“Só o amor permite ao gozo condescender ao desejo”.
Esse famoso aforismo lacaniano encontra-se no Seminário 10[1], dedicado ao tema da angústia. Isso já nos permite entrever certa relação entre angústia, amor, gozo e desejo.
Miller[2] destaca que a escolha do parceiro amoroso não se dá ao acaso, mas a partir de determinadas condições. Para amar alguém é preciso identificar no amado um traço do objeto perdido para cada um. Nesse sentido, a pessoa amada será sempre um substituto desse objeto que se perdeu para o amante, o que nos permite compreender que a satisfação nunca será sempre completa. É impossível retomar essa parte que se perdeu de nós mesmos para fazermos um, restando-nos apenas a possibilidade de nos relacionarmos com esse objeto substituto que trará uma satisfação sempre parcial. Essa questão, já elaborada desde Freud, antecipa o famoso aforismo lacaniano “Não há relação sexual”.
Amor e gozo, portanto, encontram-se diretamente relacionados na medida em que a escolha amorosa se dá a partir do objeto perdido, o objeto a, resultado da interdição de gozo. As coordenadas para o amor, portanto, são traçadas pelo gozo; por isso, a escolha do parceiro é sempre inconsciente, narcísica e articulada a uma experiência de satisfação, não de bem-estar necessariamente. Neste ponto, já podemos depreender que o amor só entra em cena articulado à castração. Buscamos o outro como objeto amoroso na medida em que algo nos falta. A angústia entra aí como motor, impulsionando-nos nessa aventura chamada relação amorosa, que nada tem de cômoda. “Propor-me como desejante, eron, é propor-me como falta de a, e é por essa via que abro a porta para o gozo do meu ser.”[3]

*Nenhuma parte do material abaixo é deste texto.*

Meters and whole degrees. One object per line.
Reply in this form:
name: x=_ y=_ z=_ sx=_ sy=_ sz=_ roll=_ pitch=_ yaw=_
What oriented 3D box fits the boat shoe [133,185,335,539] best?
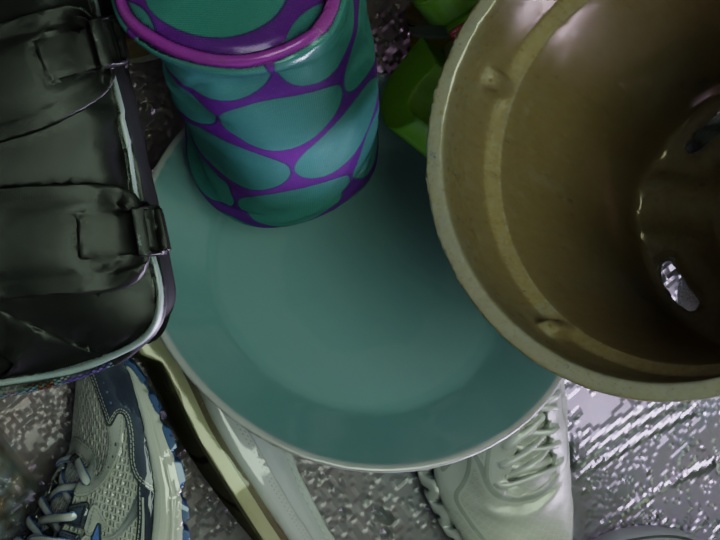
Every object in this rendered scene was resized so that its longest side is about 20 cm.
boat shoe: x=-0.056 y=0.051 z=0.941 sx=0.068 sy=0.075 sz=0.200 roll=-34 pitch=107 yaw=-14

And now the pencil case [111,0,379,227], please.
pencil case: x=-0.041 y=-0.082 z=0.813 sx=0.092 sy=0.200 sz=0.085 roll=26 pitch=77 yaw=11

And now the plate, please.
plate: x=0.000 y=0.000 z=0.911 sx=0.200 sy=0.026 sz=0.201 roll=6 pitch=60 yaw=-11

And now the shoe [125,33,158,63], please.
shoe: x=-0.032 y=-0.132 z=0.907 sx=0.200 sy=0.070 sz=0.053 roll=-22 pitch=139 yaw=11

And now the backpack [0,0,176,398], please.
backpack: x=-0.184 y=-0.032 z=0.818 sx=0.200 sy=0.151 sz=0.178 roll=-13 pitch=94 yaw=-8

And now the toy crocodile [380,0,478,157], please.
toy crocodile: x=0.091 y=-0.125 z=0.907 sx=0.200 sy=0.062 sz=0.068 roll=-35 pitch=114 yaw=10

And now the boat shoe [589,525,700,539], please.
boat shoe: x=0.102 y=0.182 z=1.036 sx=0.200 sy=0.066 sz=0.070 roll=-13 pitch=102 yaw=-23

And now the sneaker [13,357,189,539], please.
sneaker: x=-0.124 y=0.134 z=0.922 sx=0.085 sy=0.077 sz=0.200 roll=-2 pitch=97 yaw=-20

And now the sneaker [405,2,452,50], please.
sneaker: x=0.115 y=-0.099 z=1.010 sx=0.200 sy=0.075 sz=0.090 roll=-10 pitch=109 yaw=-17

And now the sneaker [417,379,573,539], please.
sneaker: x=0.068 y=0.063 z=0.999 sx=0.075 sy=0.081 sz=0.200 roll=-20 pitch=106 yaw=-23

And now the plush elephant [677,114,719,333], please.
plush elephant: x=0.220 y=-0.018 z=1.030 sx=0.200 sy=0.154 sz=0.165 roll=69 pitch=21 yaw=-49

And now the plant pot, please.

É aí que o amor entra em cena na sua condição de i (a), imagem que vela o objeto a na sua condição de dejeto. Essa imagem enganosa, que outorga todo esplendor do imaginário, é o que permite ao amante se apaixonar pela imagem do ser amado, ocultando dessa forma o que ele traz consigo do objeto a, da sua faceta de gozo.
Se o gozo é sempre autoerótico, no sentido de que se goza no próprio corpo, o amor é o que possibilita que este gozo possa entrar na dimensão do Outro, transformando-se em desejo do Outro. Daí a frase “Só o amor permite ao gozo condescender ao desejo”.